Segment Open

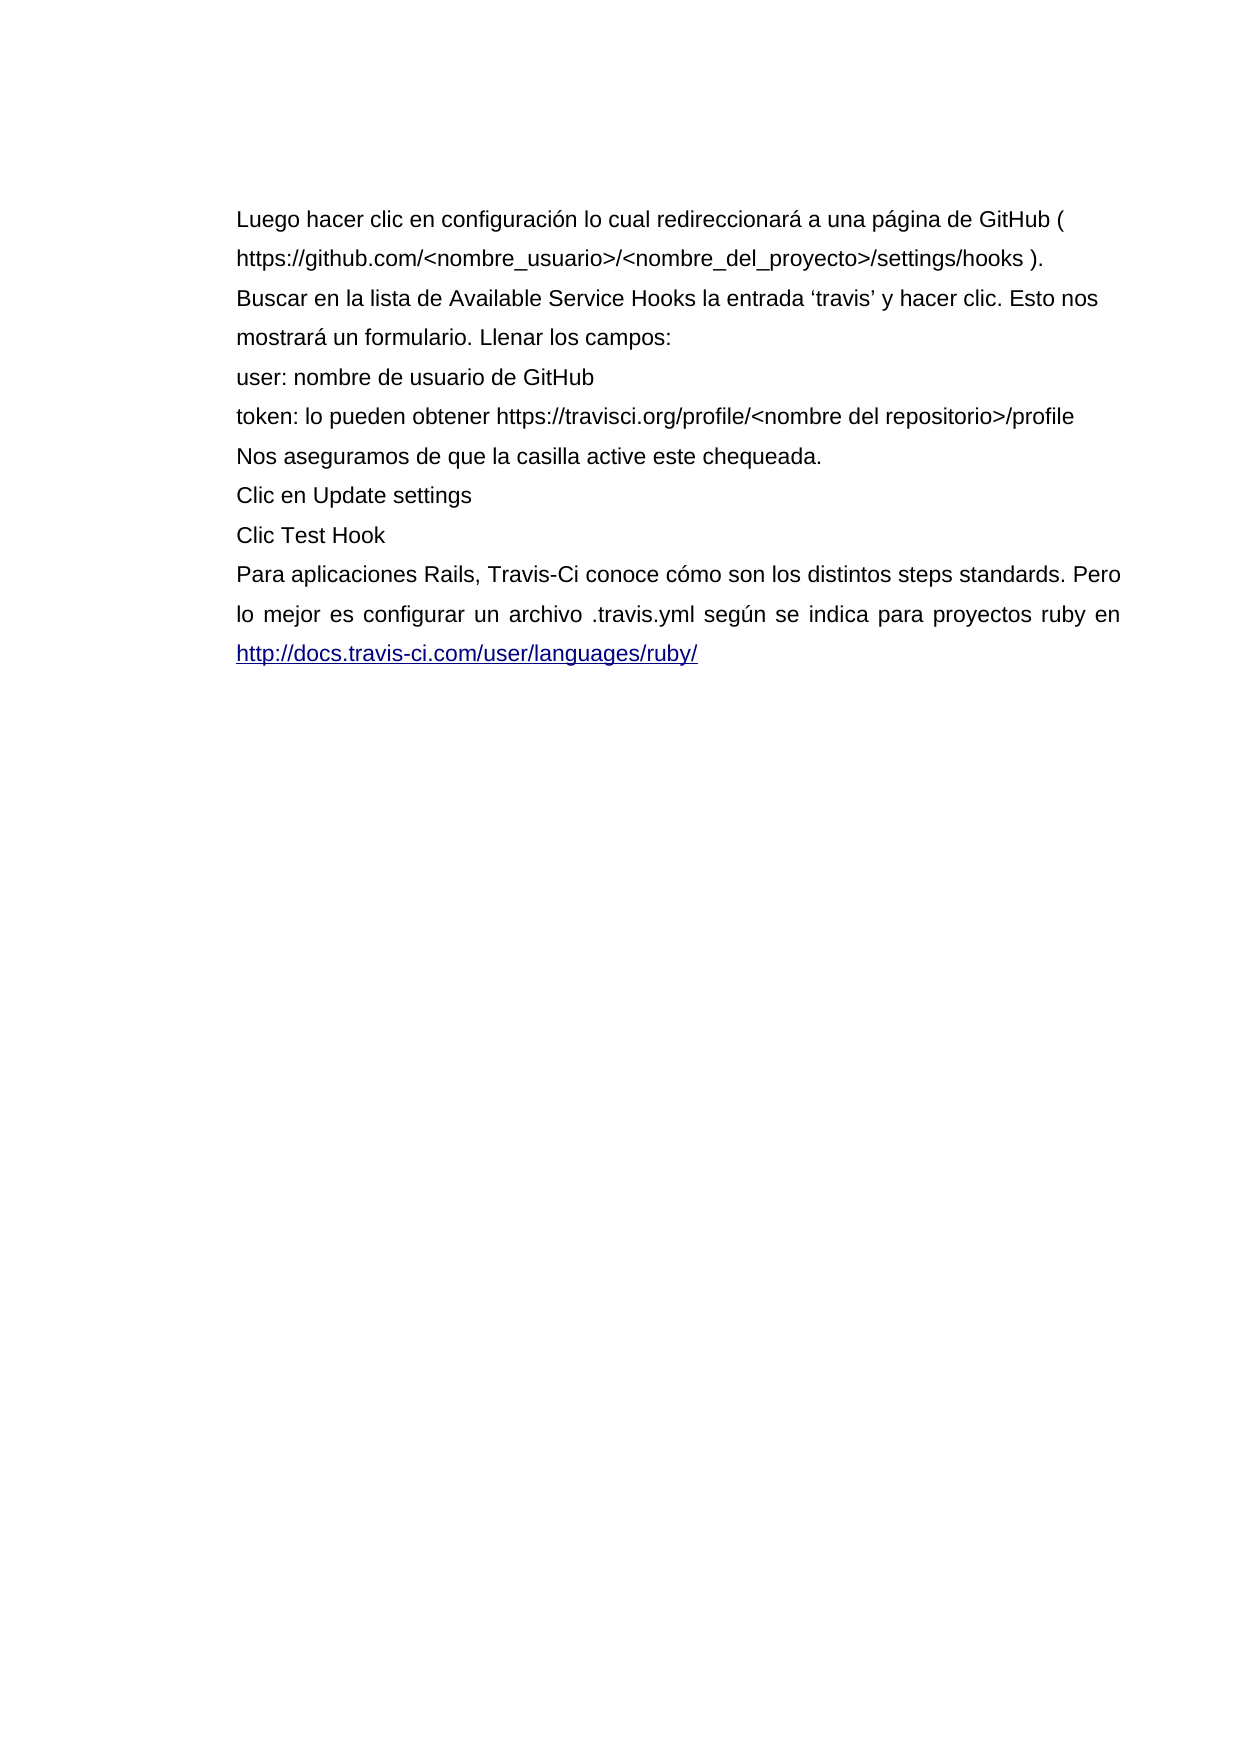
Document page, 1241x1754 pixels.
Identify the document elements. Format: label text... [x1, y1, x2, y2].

text Clic Test Hook [236, 522, 1122, 548]
text token: lo pueden obtener https://travis­ci.org/profile/<nombre del repositorio>/profile [236, 403, 1122, 430]
text Luego hacer clic en configuración lo cual redireccionará a una página de GitHub ( [236, 206, 1122, 232]
text mostrará un formulario. Llenar los campos: [236, 324, 1122, 351]
text Clic en Update settings [236, 482, 1122, 509]
text Nos aseguramos de que la casilla active este chequeada. [236, 443, 1122, 469]
text Buscar en la lista de Available Service Hooks la entrada ‘travis’ y hacer clic. Esto nos [236, 285, 1122, 311]
text user: nombre de usuario de GitHub [236, 364, 1122, 390]
text Para aplicaciones Rails, Travis-Ci conoce cómo son los distintos steps standards. Pero lo mejor es configurar un archivo .travis.yml según se indica para proyectos ruby en http://docs.travis-ci.com/user/languages/ruby/ [236, 561, 1122, 667]
text https://github.com/<nombre_usuario>/<nombre_del_proyecto>/settings/hooks ). [236, 245, 1122, 272]
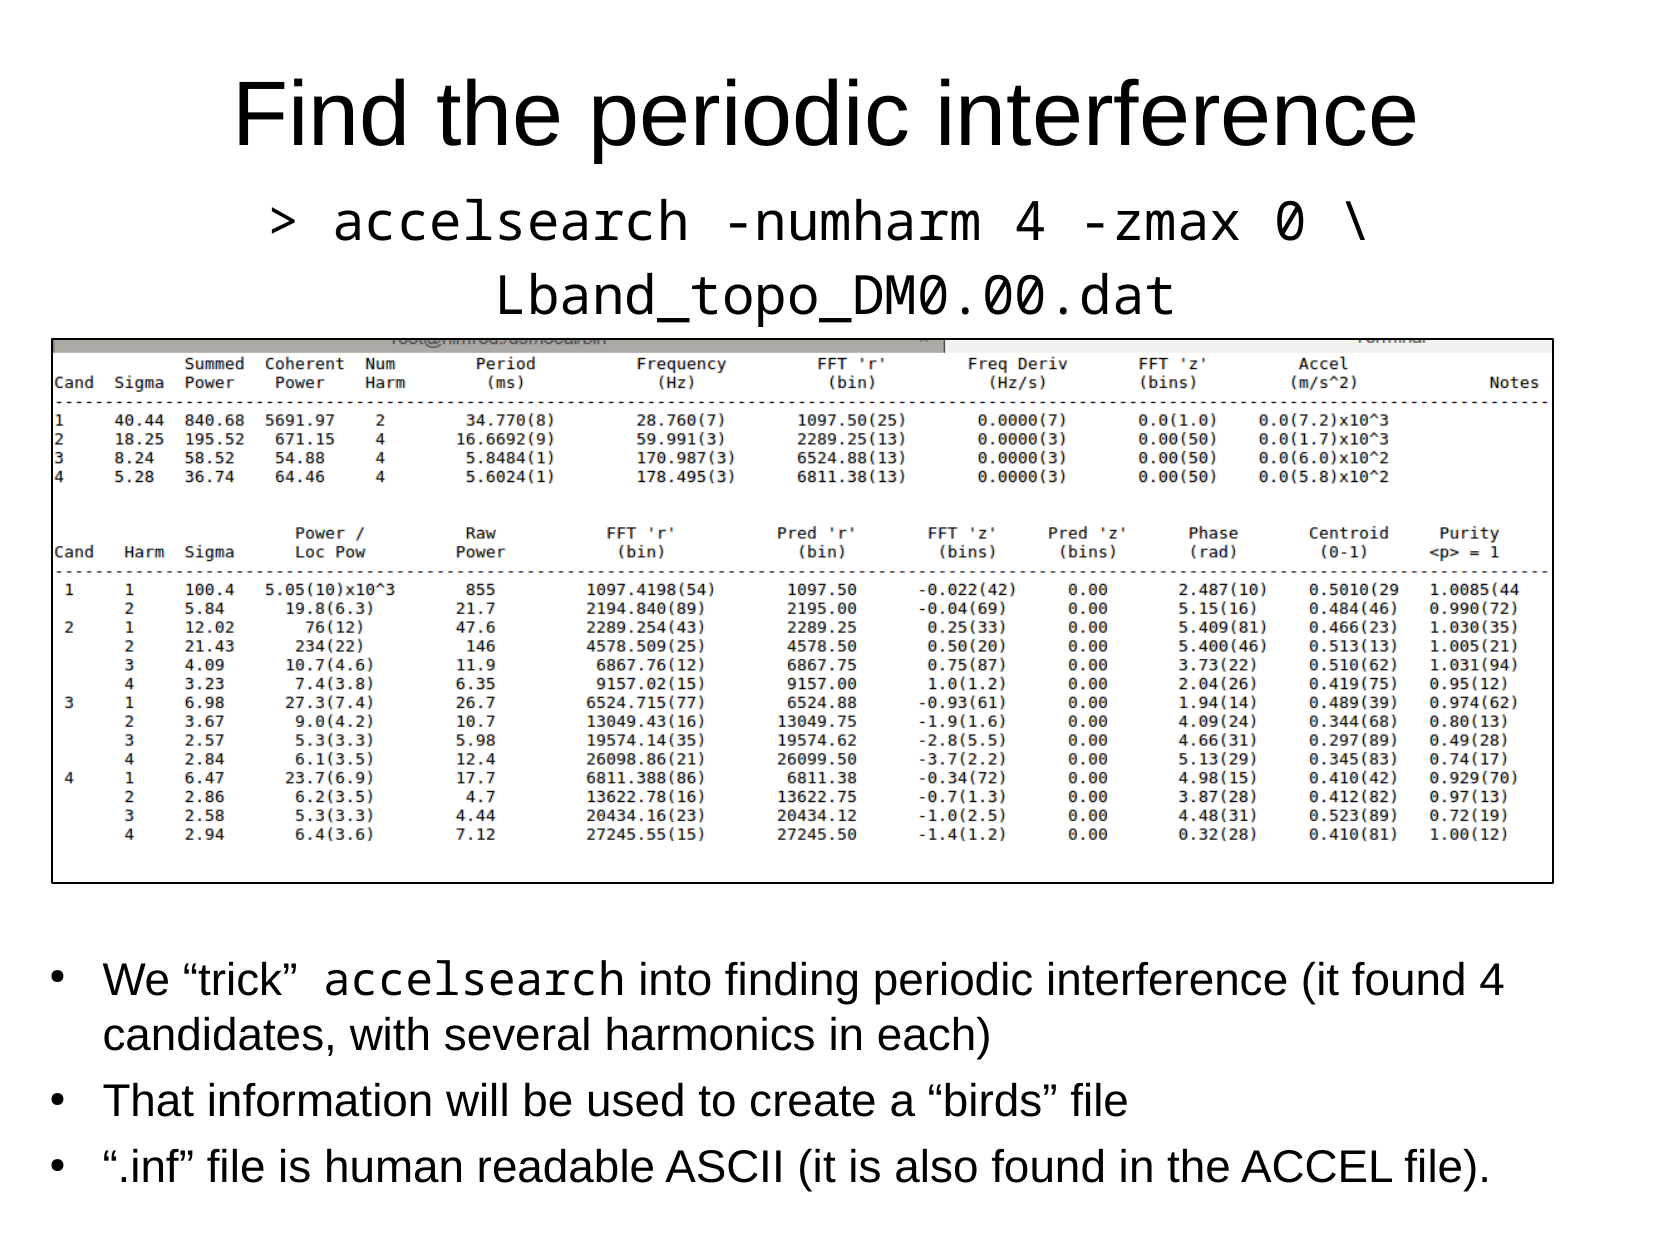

Segment Closed

[Problem to solve] The word is "user". Copy every line above where it appears.

[Result below]
text user: nombre de usuario de GitHub [236, 364, 1122, 390]
text Para aplicaciones Rails, Travis-Ci conoce cómo son los distintos steps standards. Pero lo mejor es configurar un archivo .travis.yml según se indica para proyectos ruby en http://docs.travis-ci.com/user/languages/ruby/ [236, 561, 1122, 667]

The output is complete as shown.